O primeiro ponto consiste no baixo valor do objeto ou dano. Preferencialmente, esse deve ser o primeiro ponto a ser analisado, porquanto seria inútil analisar os outros para, ao final, concluir, por exemplo, que o objeto subtraído custa 50 mil reais.

Para analisar a viabilidade dessa tese e fundamentá-la nas peças processuais, deve-se verificar o valor informado no auto de avaliação ou, na ausência deste, obter orçamentos no comércio.

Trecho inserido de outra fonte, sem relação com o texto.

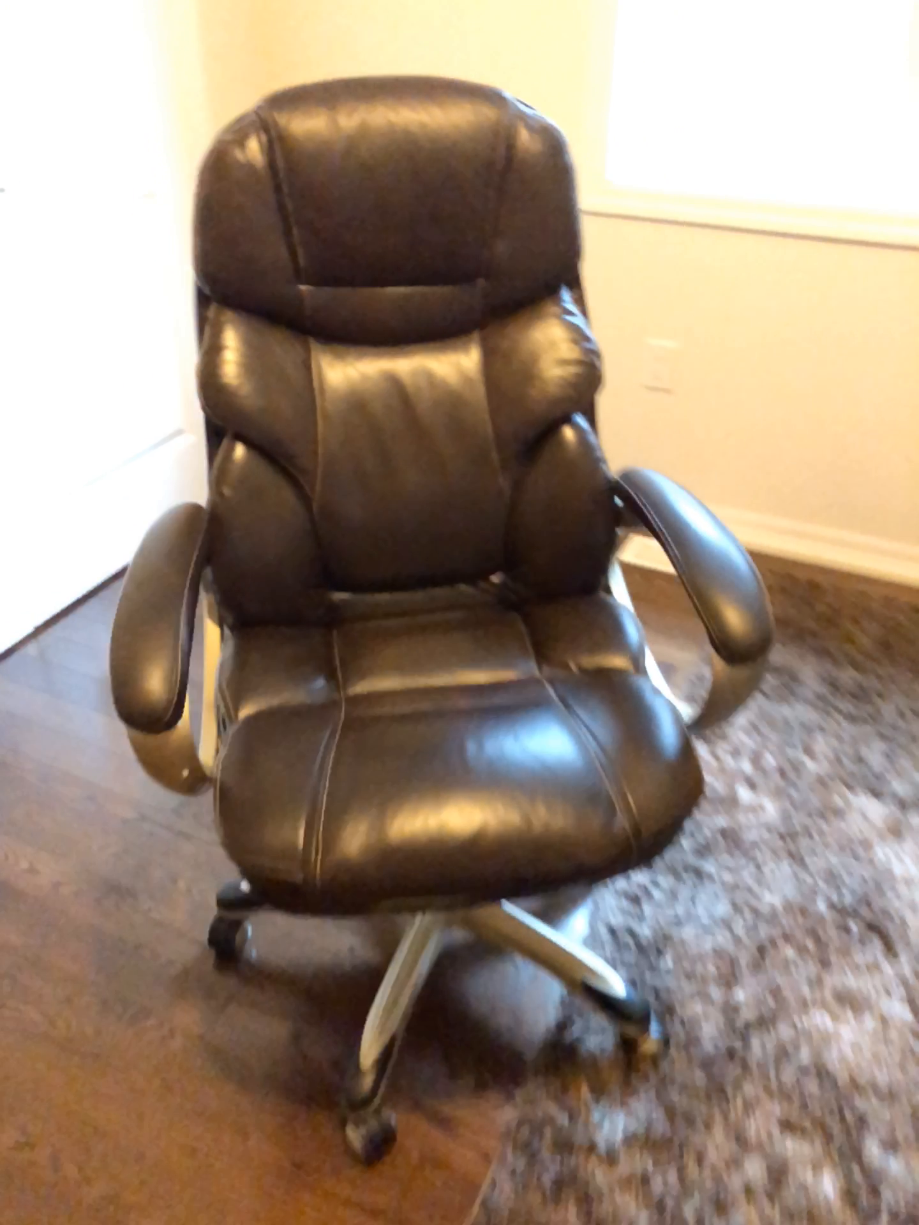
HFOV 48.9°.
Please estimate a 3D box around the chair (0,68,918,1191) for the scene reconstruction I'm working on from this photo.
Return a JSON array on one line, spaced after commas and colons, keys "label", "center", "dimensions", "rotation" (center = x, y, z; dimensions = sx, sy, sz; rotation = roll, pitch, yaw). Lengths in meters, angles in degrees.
[{"label": "chair", "center": [-0.048, 0.005, 1.260], "dimensions": [0.730, 1.135, 0.743], "rotation": [-3, 33, -5]}]
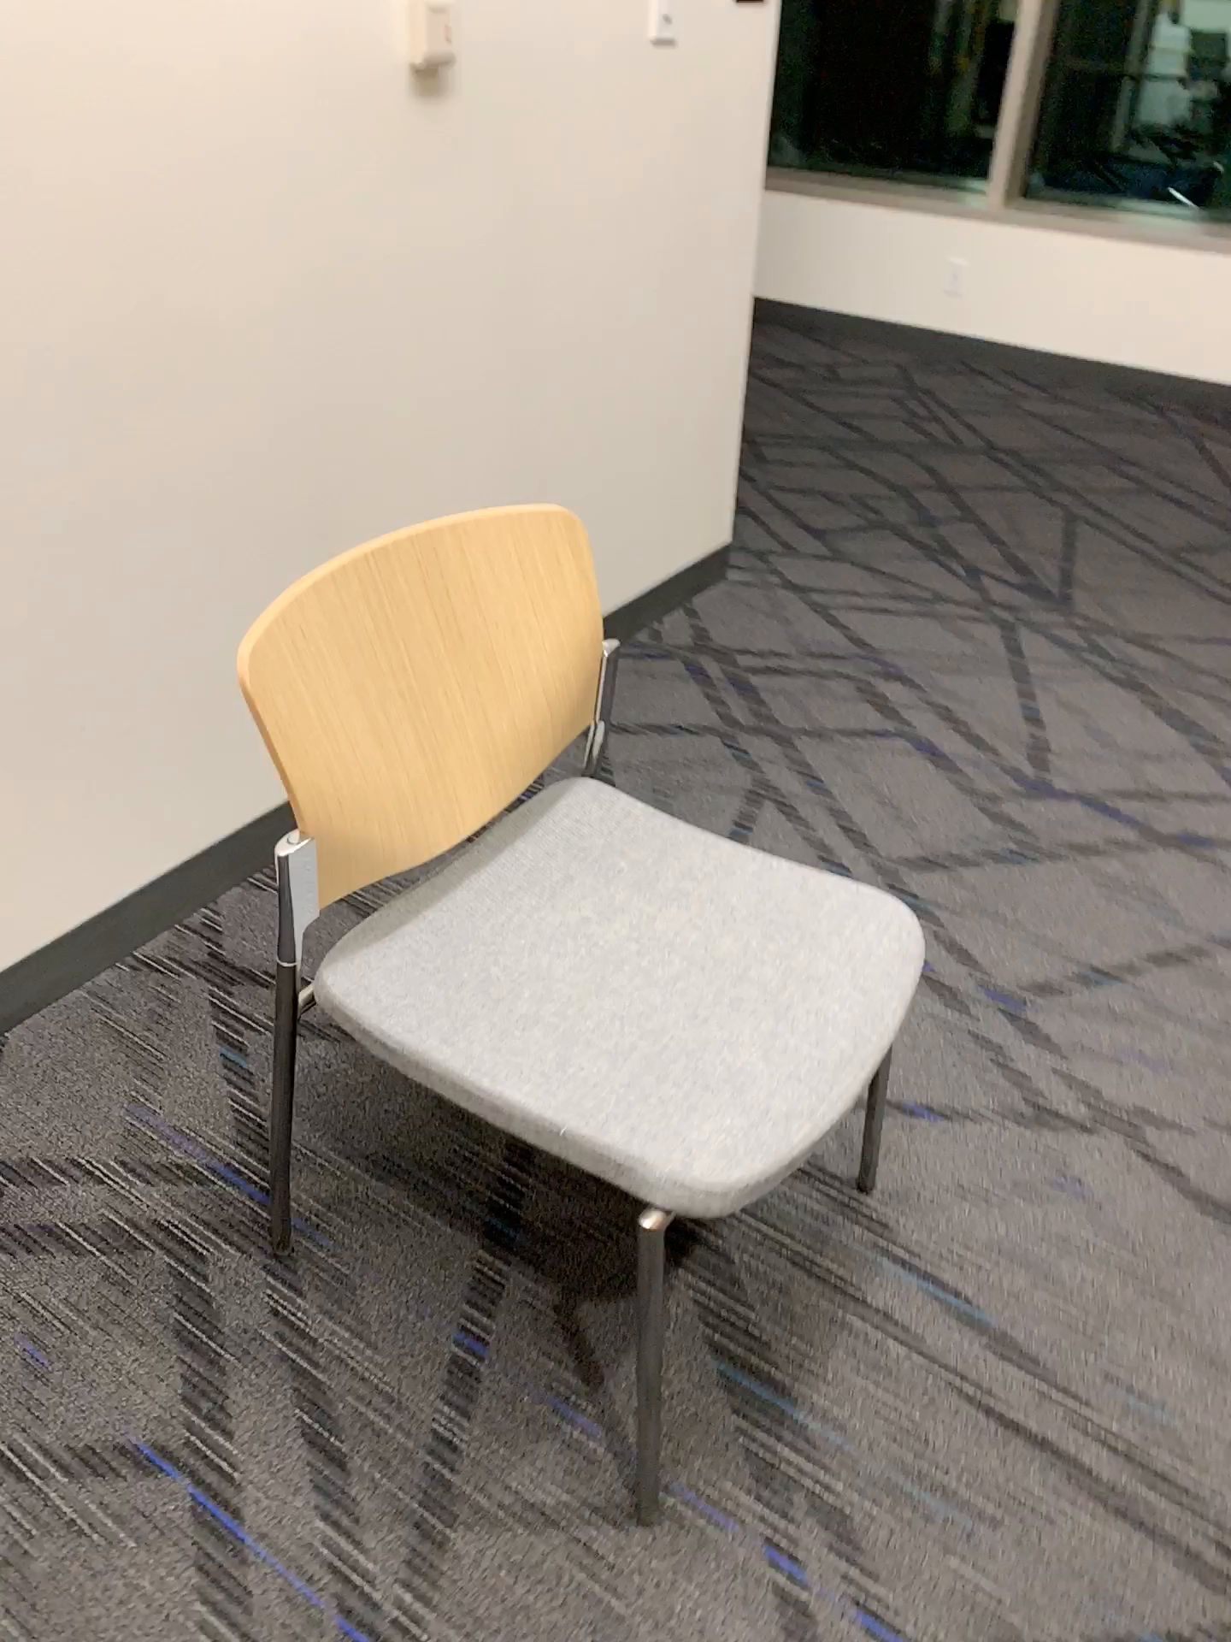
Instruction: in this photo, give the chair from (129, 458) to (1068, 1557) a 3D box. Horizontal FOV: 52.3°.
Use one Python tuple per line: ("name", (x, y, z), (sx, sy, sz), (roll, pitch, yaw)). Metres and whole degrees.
("chair", (0.003, 0.129, 1.203), (0.537, 0.704, 0.557), (22, 39, 26))
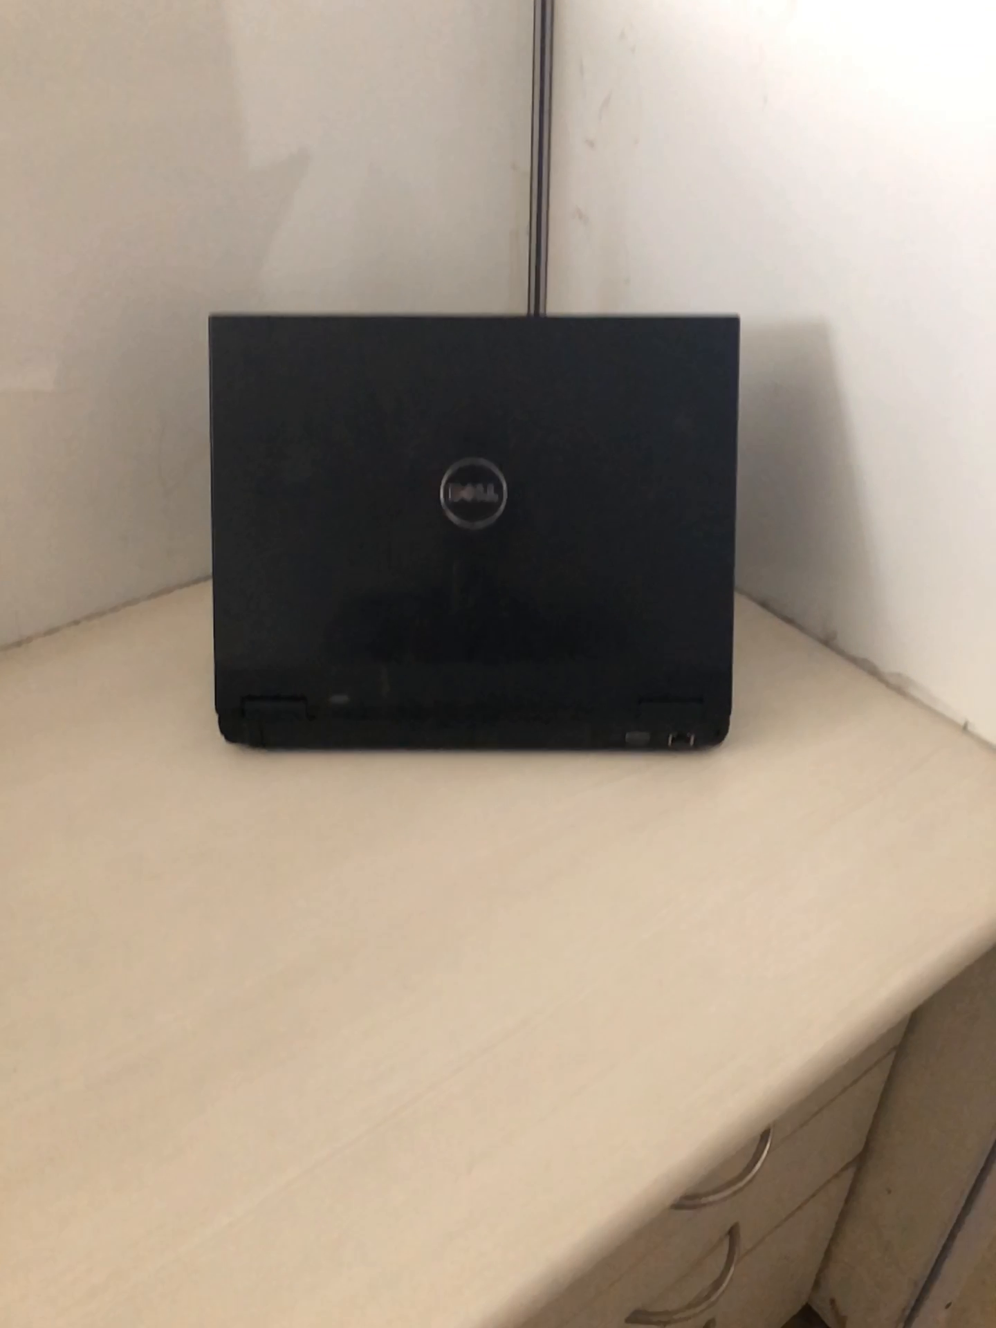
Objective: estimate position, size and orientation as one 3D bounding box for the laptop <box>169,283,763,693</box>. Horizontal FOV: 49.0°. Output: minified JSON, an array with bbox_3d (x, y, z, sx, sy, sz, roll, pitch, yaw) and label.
[{"bbox_3d":[-0.017,-0.122,0.714,0.303,0.190,0.231,1,34,0],"label":"laptop"}]
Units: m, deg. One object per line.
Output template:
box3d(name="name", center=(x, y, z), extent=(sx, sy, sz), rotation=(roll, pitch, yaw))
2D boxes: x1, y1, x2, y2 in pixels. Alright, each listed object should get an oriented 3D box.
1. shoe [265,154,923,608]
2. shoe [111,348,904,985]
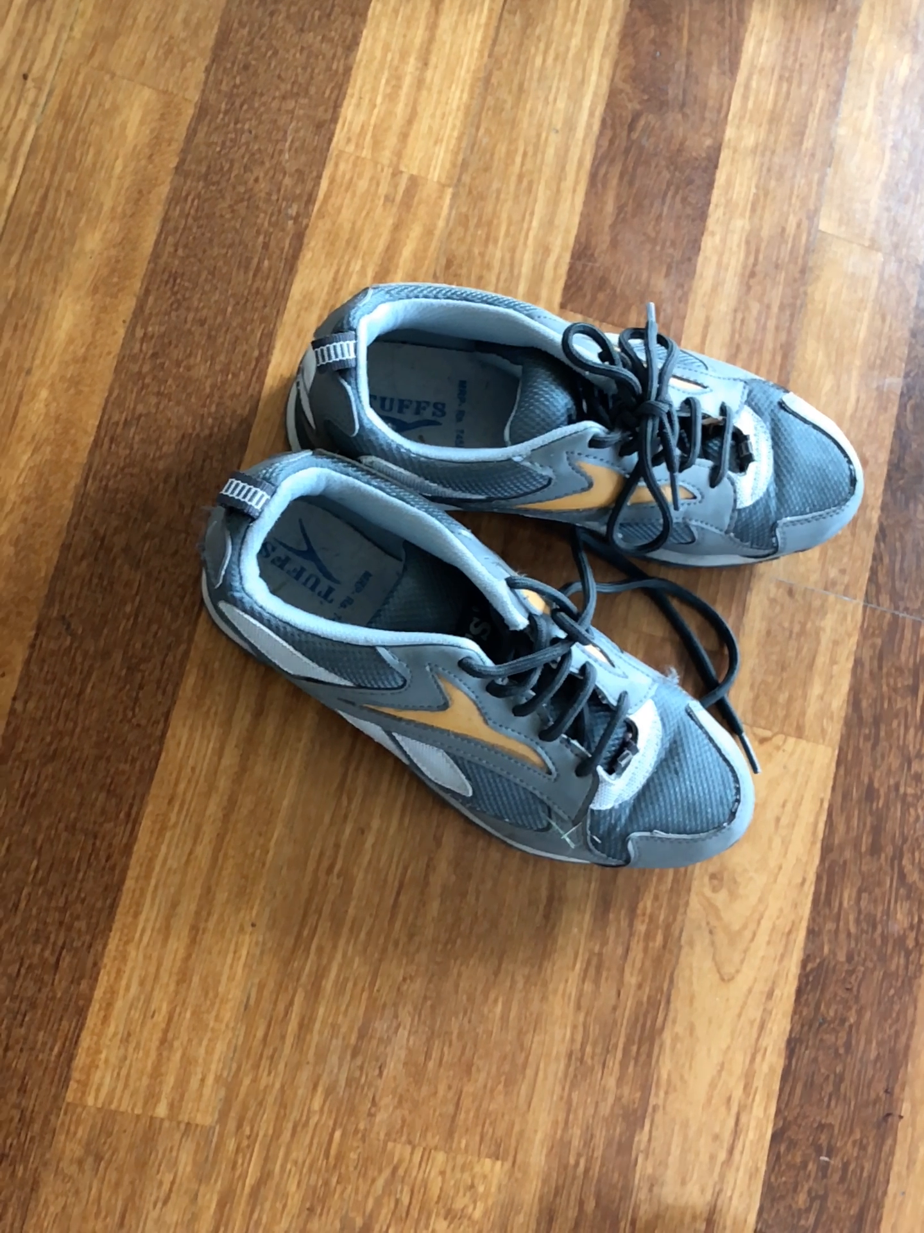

Também é importante considerar se a coisa subtraída ou que sofreu qualquer outra ação criminosa é nova ou usada. Na prática, os autos de avaliação informam os valores das coisas (como se fossem) novas, apesar de já terem meses ou anos de uso. Ora, o valor de um objeto usado é consideravelmente inferior ao valor da coisa nova. Portanto, haveria prejuízo para a defesa se o objeto do crime fosse avaliado como novo (muito mais valorizado), quando, verdadeiramente, era usado. Para a defesa, quanto menor o valor, maiores são as chances de acolhimento da referida tese.

Outro ponto importante consiste na abordagem sobre a devolução do objeto à vítima. Nesse ponto, não nos referimos às teses de desistência voluntária e arrependimento eficaz, mas apenas a completa ausência de prejuízo para a vítima.

Caso tenha ocorrido a devolução da coisa à vítima, não haverá efetivo prejuízo. Portanto, não haveria lesão ao bem jurídico tutelado. A mesma lógica de aplica aos crimes tentados e aos casos de devolução da coisa de forma involuntária, como decorrência, por exemplo, da prisão em flagrante.

Ademais, diante de posicionamentos jurisprudenciais conhecidíssimos (clique aqui), também tem relevância a análise da reincidência específica para defender o preenchimento do requisito subjetivo. Ainda que se discorde dessa exigência, caso o réu não tenha maus antecedentes ou não seja reincidente (ou, se for reincidente, não se tratar de reincidência específica), deve-se destacar o seu preenchimento.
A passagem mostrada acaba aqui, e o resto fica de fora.